Appetite not so good, lost more weight since last visit. Nothing tastes good, well, there are a FEW things that taste OK. I treated myself to a facial today, and the aesthetician (is that what they call these ladies?) told me she likes the soft tofu with added flavoring, like fruit or chocolate for dessert. I know there is some debate about the soy, but I have read a lot of literature on that, and it seems that if you eat in moderation it's OK, just not do soy supplements. So if that gets a little protein in me, that may be helpful, not sure it would be any worse than all the dairy sources that probably have hormones in them... and I am getting really tired of Greek yogurt. I am a vegetarian, keep thinking of eating meat again but that thought just makes me litterally gag, so I will do the best I can. DH is NOT a vegetarian, makes life around here interesting! LOL
Fatigue and pain continue to be challenging, but I had them BEFORE starting the AI and afinitor (I am on letrozole) and MO said to exercise! Well, I was doing well, but then got LE and that has limited me simply because I just don't have enough time or energy to take care of my arm AND the rest of my body! But it is getting under control, and I have started walking again, so maybe pain will decrease. Also Ritalin (methylphenidate) helps with the fatigue when it gets really bad. Warm/hot shower or bath helps pain some. I am considering a heating pad, but wonder how that will work with the hot flashes...

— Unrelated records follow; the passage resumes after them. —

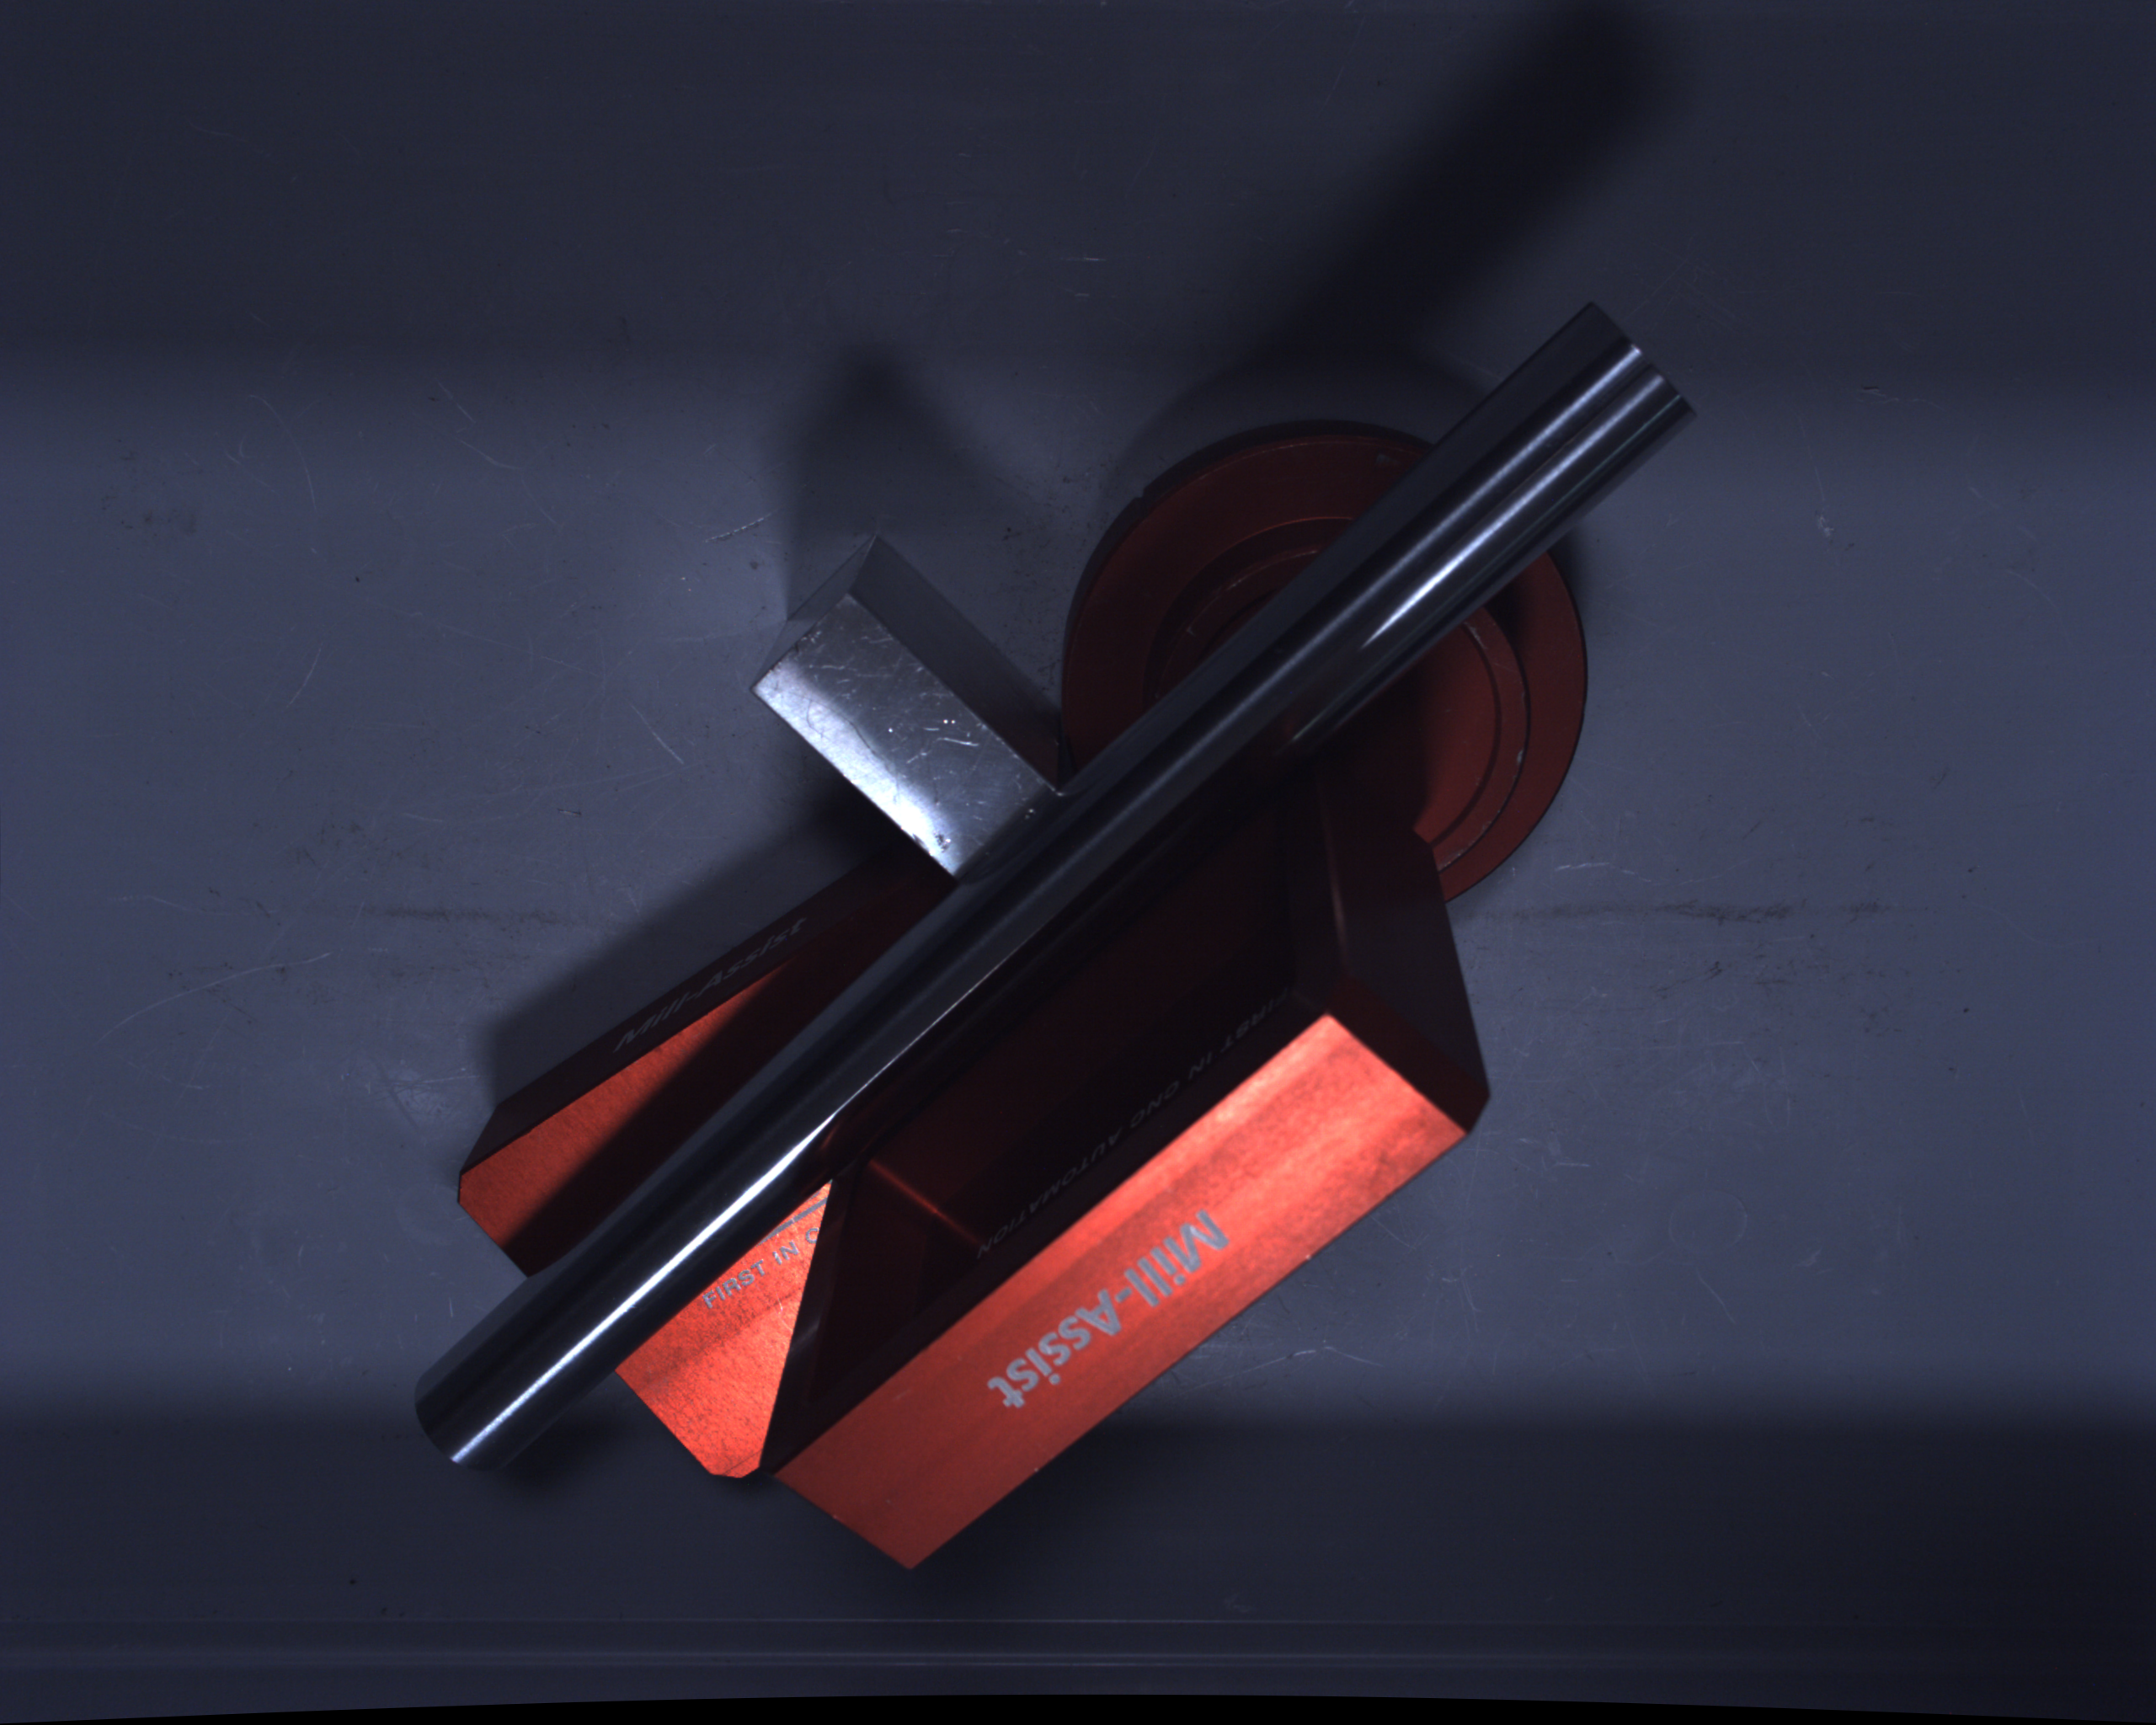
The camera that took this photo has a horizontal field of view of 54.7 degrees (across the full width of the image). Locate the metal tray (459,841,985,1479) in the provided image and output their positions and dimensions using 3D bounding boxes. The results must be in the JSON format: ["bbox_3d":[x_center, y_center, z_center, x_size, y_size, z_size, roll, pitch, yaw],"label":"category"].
[{"bbox_3d":[-0.047,0.059,0.428,0.130,0.030,0.090,-33,107,11],"label":"metal tray"}]

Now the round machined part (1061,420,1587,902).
[{"bbox_3d":[0.046,-0.031,0.390,0.099,0.042,0.097,0,110,-1],"label":"round machined part"}]

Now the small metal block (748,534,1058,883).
[{"bbox_3d":[-0.030,-0.030,0.385,0.025,0.050,0.050,-43,105,14],"label":"small metal block"}]

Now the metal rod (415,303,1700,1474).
[{"bbox_3d":[-0.016,0.016,0.374,0.299,0.025,0.025,-42,105,18],"label":"metal rod"}]

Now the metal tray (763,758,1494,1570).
[{"bbox_3d":[0.006,0.047,0.352,0.030,0.090,0.130,41,111,-17],"label":"metal tray"}]

I checked with my pharmacist, and he says afinitor causes mouth sores by 2 mechanisms: locally AND systemically, much like other chemos. He told me that it should NOT be crushed, but COULD be dissolved in liquid if you cannot swallow the pill. He said putting the pill in a marshmallow or other food probably doesn't do all that much to help, but to try it if I wanted to. Main thing is to wash it down with LOTS of water - at least 8 oz, and I usually do 12 oz. And I sip on water all day long, at least 9 glasses of water, keeping my mouth rinsed as I do. So far, just burning tip of tongue and burning lips, but no overt sores.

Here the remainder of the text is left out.